Question

A bag of mass M hangs by a long thread and a bullet (mass m) comes horizontally with velocity v and gets caught in the bag. Then for the combined system (bag + bullet)
A) Momentum is \[\dfrac{mvM}{m+M}\]
B) Kinetic is \[\dfrac{m{{V}^{2}}}{2}\]
C) Momentum is \[\dfrac{mv\left( m+M \right)}{M}\]
D) Kinetic Energy is \[\dfrac{{{\left( mv \right)}^{2}}}{2\left( m+M \right)}\]

Answer 1

Hint:
The bullet to the bag forms conservation of momentum between the bag and the bullet received, meaning, the force of the bullet received by the bag is equal to the force of the bag perceived by the bullet.
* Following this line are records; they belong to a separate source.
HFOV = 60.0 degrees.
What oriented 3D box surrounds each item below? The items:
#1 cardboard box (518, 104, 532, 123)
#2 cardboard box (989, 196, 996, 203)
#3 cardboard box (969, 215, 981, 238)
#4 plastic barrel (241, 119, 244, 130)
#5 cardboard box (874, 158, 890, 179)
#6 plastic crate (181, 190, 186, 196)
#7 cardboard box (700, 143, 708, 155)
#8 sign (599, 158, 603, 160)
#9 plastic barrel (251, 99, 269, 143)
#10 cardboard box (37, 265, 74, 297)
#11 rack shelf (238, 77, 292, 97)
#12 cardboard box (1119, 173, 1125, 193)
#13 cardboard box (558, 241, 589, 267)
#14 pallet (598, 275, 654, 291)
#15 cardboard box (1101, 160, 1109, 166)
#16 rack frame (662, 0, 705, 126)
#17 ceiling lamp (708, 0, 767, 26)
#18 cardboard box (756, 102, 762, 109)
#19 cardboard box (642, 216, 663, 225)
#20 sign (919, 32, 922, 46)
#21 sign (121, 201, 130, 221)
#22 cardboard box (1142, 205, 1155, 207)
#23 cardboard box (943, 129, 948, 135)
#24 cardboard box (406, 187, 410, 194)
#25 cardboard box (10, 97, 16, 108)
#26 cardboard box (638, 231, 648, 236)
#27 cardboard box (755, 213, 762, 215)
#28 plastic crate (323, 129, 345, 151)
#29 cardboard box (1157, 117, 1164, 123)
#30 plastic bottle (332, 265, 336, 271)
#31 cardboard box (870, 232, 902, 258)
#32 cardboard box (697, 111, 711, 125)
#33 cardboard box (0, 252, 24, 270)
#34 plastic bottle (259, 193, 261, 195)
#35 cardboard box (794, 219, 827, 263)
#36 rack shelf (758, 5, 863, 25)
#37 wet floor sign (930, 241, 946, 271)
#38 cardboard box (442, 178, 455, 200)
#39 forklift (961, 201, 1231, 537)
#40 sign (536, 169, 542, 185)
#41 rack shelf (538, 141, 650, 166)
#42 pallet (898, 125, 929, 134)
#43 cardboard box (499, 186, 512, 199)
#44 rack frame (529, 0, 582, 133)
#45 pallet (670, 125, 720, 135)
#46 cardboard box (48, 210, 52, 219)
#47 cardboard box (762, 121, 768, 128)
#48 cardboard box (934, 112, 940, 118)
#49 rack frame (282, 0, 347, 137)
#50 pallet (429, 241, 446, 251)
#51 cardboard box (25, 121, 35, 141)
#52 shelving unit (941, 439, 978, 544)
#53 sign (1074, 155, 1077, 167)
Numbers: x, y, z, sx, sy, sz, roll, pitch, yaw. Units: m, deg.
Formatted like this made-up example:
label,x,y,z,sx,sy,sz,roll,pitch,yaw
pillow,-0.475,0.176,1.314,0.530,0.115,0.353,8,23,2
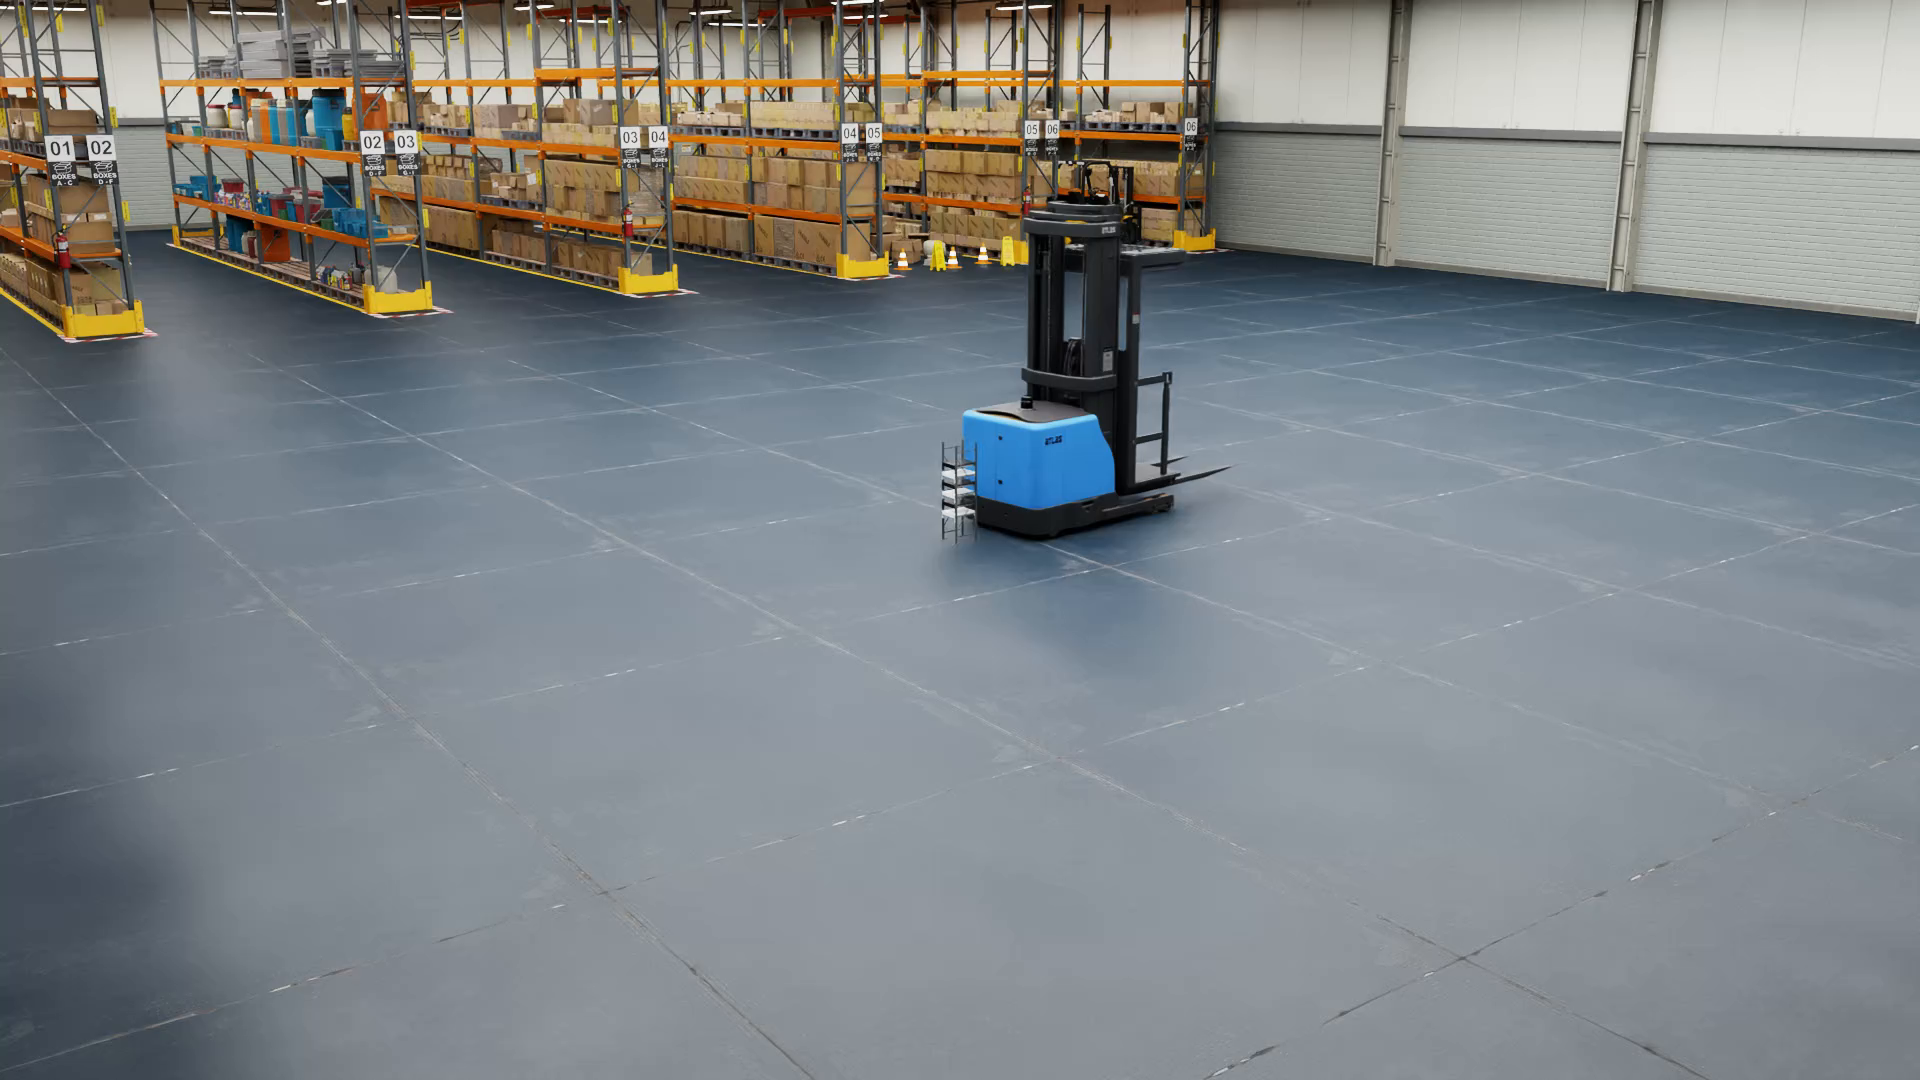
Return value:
label,x,y,z,sx,sy,sz,roll,pitch,yaw
cardboard box,-9.812,-9.578,37.570,0.500,0.500,0.500,-10,18,-34
cardboard box,0.895,-8.021,39.177,0.380,0.149,0.250,-10,18,-34
cardboard box,0.553,-7.539,39.932,0.500,0.500,0.500,-11,19,-36
plastic barrel,-15.639,-9.141,36.576,0.301,0.262,0.301,0,15,0
cardboard box,-1.873,-9.591,42.887,0.500,0.500,0.500,-12,19,-37
plastic crate,-19.195,-8.632,41.318,0.250,0.136,0.298,-11,19,-35
cardboard box,-7.520,-11.751,50.245,0.500,0.500,0.500,-11,19,-36
sign,-9.599,-10.055,44.491,0.100,0.325,0.005,-11,19,-35
plastic barrel,-14.583,-8.832,35.030,0.600,0.901,0.600,0,15,0
cardboard box,-15.644,-4.500,28.829,0.500,0.500,0.500,-11,19,-35
rack shelf,-13.714,-9.279,34.051,1.077,0.370,4.000,-11,19,-35
cardboard box,4.443,-9.162,42.679,0.500,0.500,0.500,-11,19,-34
cardboard box,-8.329,-6.172,35.884,0.500,0.500,0.500,-12,19,-36
pallet,-6.674,-5.263,33.904,1.003,0.211,1.213,-11,19,-35
cardboard box,3.897,-9.801,43.221,0.380,0.149,0.250,-10,18,-33
rack frame,-6.813,-11.763,41.007,1.000,3.000,0.127,-11,19,-35
ceiling lamp,-7.018,-18.058,52.952,2.000,3.185,0.800,-11,19,-35
cardboard box,-4.370,-9.791,37.466,0.380,0.149,0.250,-11,19,-35
cardboard box,-6.155,-6.389,33.214,0.380,0.149,0.250,-11,19,-35
sign,-0.962,-12.138,40.309,0.100,0.325,0.005,-11,19,-35
sign,-13.743,-5.416,27.393,0.100,0.325,0.005,-11,19,-35
cardboard box,4.841,-8.538,43.107,0.500,0.250,0.500,-11,19,-36
cardboard box,-0.187,-9.925,40.452,0.380,0.149,0.250,-11,19,-34
cardboard box,-13.982,-8.978,42.672,0.380,0.149,0.250,-11,19,-35
cardboard box,-17.232,-7.924,30.733,0.500,0.500,0.500,-9,18,-29
cardboard box,-8.037,-8.188,43.249,0.500,0.500,0.500,-12,19,-37
cardboard box,-5.502,-9.631,48.639,0.875,0.438,0.875,-11,19,-35
plastic crate,-11.551,-7.443,30.937,0.392,0.384,0.575,-11,19,-35
cardboard box,5.116,-10.428,41.304,0.380,0.149,0.250,-12,19,-36
plastic bottle,-12.283,-5.218,32.643,0.144,0.351,0.185,-11,19,-35
cardboard box,-1.801,-6.993,39.414,0.797,0.637,0.503,-11,19,-35
cardboard box,-5.968,-10.118,39.865,0.500,0.311,0.500,-11,19,-36
cardboard box,-18.829,-5.573,33.108,0.500,0.311,0.500,-10,18,-33
plastic bottle,-16.159,-7.898,38.485,0.152,0.276,0.135,-11,19,-35
cardboard box,-3.080,-6.661,36.959,0.875,0.875,0.875,-11,19,-35
rack shelf,-4.044,-14.236,45.109,1.077,0.370,4.000,-11,19,-35
wet floor sign,-0.490,-6.326,36.968,0.232,0.644,0.267,14,21,42
cardboard box,-12.269,-8.562,40.489,0.500,0.500,0.500,-10,18,-33
forklift,1.433,-1.745,15.901,3.031,2.935,1.130,-14,20,-41
sign,-8.979,-7.738,35.473,0.100,0.325,0.005,-11,19,-35
rack shelf,-7.356,-7.939,34.083,1.077,0.370,4.000,-11,19,-35
pallet,-0.793,-10.309,41.735,1.213,0.211,1.003,-11,19,-35
cardboard box,-10.085,-7.857,37.591,0.500,0.250,0.500,-12,19,-36
rack frame,-8.532,-10.160,35.152,1.000,3.000,0.127,-11,19,-35
pallet,-6.391,-10.096,40.955,1.213,0.211,1.003,-10,18,-32
cardboard box,-15.181,-5.509,28.104,0.380,0.149,0.250,-10,18,-33
cardboard box,-4.222,-9.352,37.373,0.380,0.149,0.250,-11,19,-35
cardboard box,-0.418,-10.346,40.479,0.380,0.149,0.250,-10,18,-33
rack frame,-12.538,-9.391,32.343,1.000,3.000,0.127,-11,19,-35
pallet,-12.721,-7.477,41.994,1.003,0.211,1.213,-11,19,-35
cardboard box,-15.413,-6.873,27.933,0.500,0.311,0.500,-8,17,-28
shelving unit,-0.005,-0.436,14.964,0.258,0.900,0.210,-11,19,-35
sign,3.064,-10.010,43.924,0.100,0.325,0.005,-11,19,-35

The force of the bag contains the mass of bullet and bag and is written as:
\[\text{Momentum}{{\text{m}}_{\text{bag}}}=(m+M)V\]
And the momentum of the bullet is written as:
\[\text{Momentum}{{\text{m}}_{\text{bullet}}}=mV\]
Similarly, the conservation is also further followed by the formula of Kinetic Energy as well:
\[\text{Kinetic energy}{{\text{y}}_{\text{bag}}}=\dfrac{1}{2}(m+M){{V}_{c}}\]
where \[{{V}_{c}}\] is the combined velocity, \[V\] is the velocity of the bullet, m is the mass of the bullet, M is the mass of the bag.
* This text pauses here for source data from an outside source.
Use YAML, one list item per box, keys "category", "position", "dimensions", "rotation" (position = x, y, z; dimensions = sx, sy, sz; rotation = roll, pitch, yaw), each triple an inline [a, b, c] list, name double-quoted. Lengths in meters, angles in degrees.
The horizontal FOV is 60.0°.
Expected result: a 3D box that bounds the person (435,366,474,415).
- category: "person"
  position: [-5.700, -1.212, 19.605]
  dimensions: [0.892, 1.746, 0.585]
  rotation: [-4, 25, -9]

Complete step by step solution:
We first need to find the velocity that is perceived by the bag when the bullet hits the bag, in terms of mass of both the bullet and the bag:
The momentum exerted by the bullet is:
\[\text{Momentum}{{\text{m}}_{\text{bullet}}}=mV\]
Placing the value of the velocity of the bullet as \[v\], we get the momentum of the bullet:
\[\text{Momentum}{{\text{m}}_{\text{bullet}}}=mv\]
Now to find the momentum exerted on the bag by the bullet is:
\[\text{Momentum}{{\text{m}}_{\text{bag}}}=(m+M){{V}_{c}}\]
To get the velocity \[{{V}_{c}}\], we equate the values of the momentum of bag and bullet as:
\[(m+M){{V}_{c}}=mv\]
\[{{V}_{c}}=\dfrac{m}{(m+M)}v\]
Placing the value of the velocity of the bullet as \[{{V}_{c}}\], we get the kinetic energy of the bullet plus bag system or bag alone as:
\[\text{Kinetic Energy}{{\text{y}}_{\text{bag}}}=\dfrac{1}{2}(m+M){{V}_{c}}^{2}\]
Simplifying the kinetic energy formula further by placing \[{{V}_{c}}=\dfrac{m}{(m+M)}v\], we get:
\[\text{Kinetic Energy}{{\text{y}}_{\text{bag}}}=\dfrac{1}{2}(m+M){{\left( \dfrac{m}{(m+M)}v \right)}^{2}}\]
\[=\dfrac{1}{2}\dfrac{{{\left( mv \right)}^{2}}}{(m+M)}\]
Therefore, the value of the kinetic energy of the bullet plus bag system is \[\text{Kinetic Energy}{{\text{y}}_{\text{bag}}}=\dfrac{1}{2}\dfrac{{{\left( mv \right)}^{2}}}{(m+M)}\].

Note:
Another method to solve the question is by checking the options, option A and C are wrong as the formula for the momentum is the product of mass and velocity in singular form whereas in numerator both have square of mass. Option B, is wrong as the velocity is capital V, while no such unit is given in the question as the velocity is v only. Therefore, the correct answer left is (D).